**WHAT IS EXPECTED:** Every line of the data should be written out exactly, with the pictures left out.

★ ★ ★ ★ ★ ★ ★

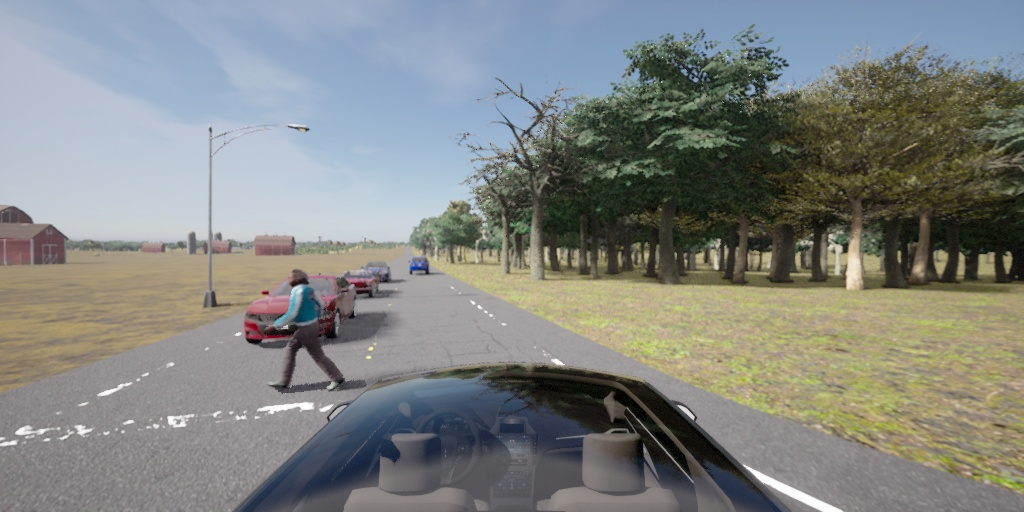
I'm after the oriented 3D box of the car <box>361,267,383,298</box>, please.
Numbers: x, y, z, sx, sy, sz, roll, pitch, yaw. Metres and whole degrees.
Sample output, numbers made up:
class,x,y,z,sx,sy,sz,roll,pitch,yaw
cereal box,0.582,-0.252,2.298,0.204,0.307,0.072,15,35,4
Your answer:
class,x,y,z,sx,sy,sz,roll,pitch,yaw
car,-8.228,1.440,19.184,1.895,1.301,4.718,0,0,-16

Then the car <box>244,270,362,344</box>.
class,x,y,z,sx,sy,sz,roll,pitch,yaw
car,-5.657,1.276,10.167,1.882,1.535,5.008,0,0,-16

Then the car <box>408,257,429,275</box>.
class,x,y,z,sx,sy,sz,roll,pitch,yaw
car,-10.907,1.101,42.086,2.150,2.045,5.566,0,0,-16

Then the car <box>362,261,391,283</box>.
class,x,y,z,sx,sy,sz,roll,pitch,yaw
car,-11.024,1.221,29.088,2.097,1.767,4.553,0,0,-15

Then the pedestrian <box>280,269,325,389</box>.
class,x,y,z,sx,sy,sz,roll,pitch,yaw
pedestrian,-3.059,1.066,5.245,0.375,1.860,0.375,-2,2,-16

★ ★ ★ ★ ★ ★ ★

**RESPONSE TO THE EXERCISE:**
I'm after the oriented 3D box of the car <box>361,267,383,298</box>, please.
Numbers: x, y, z, sx, sy, sz, roll, pitch, yaw. Metres and whole degrees.
Sample output, numbers made up:
class,x,y,z,sx,sy,sz,roll,pitch,yaw
cereal box,0.582,-0.252,2.298,0.204,0.307,0.072,15,35,4
Your answer:
class,x,y,z,sx,sy,sz,roll,pitch,yaw
car,-8.228,1.440,19.184,1.895,1.301,4.718,0,0,-16

Then the car <box>244,270,362,344</box>.
class,x,y,z,sx,sy,sz,roll,pitch,yaw
car,-5.657,1.276,10.167,1.882,1.535,5.008,0,0,-16

Then the car <box>408,257,429,275</box>.
class,x,y,z,sx,sy,sz,roll,pitch,yaw
car,-10.907,1.101,42.086,2.150,2.045,5.566,0,0,-16

Then the car <box>362,261,391,283</box>.
class,x,y,z,sx,sy,sz,roll,pitch,yaw
car,-11.024,1.221,29.088,2.097,1.767,4.553,0,0,-15

Then the pedestrian <box>280,269,325,389</box>.
class,x,y,z,sx,sy,sz,roll,pitch,yaw
pedestrian,-3.059,1.066,5.245,0.375,1.860,0.375,-2,2,-16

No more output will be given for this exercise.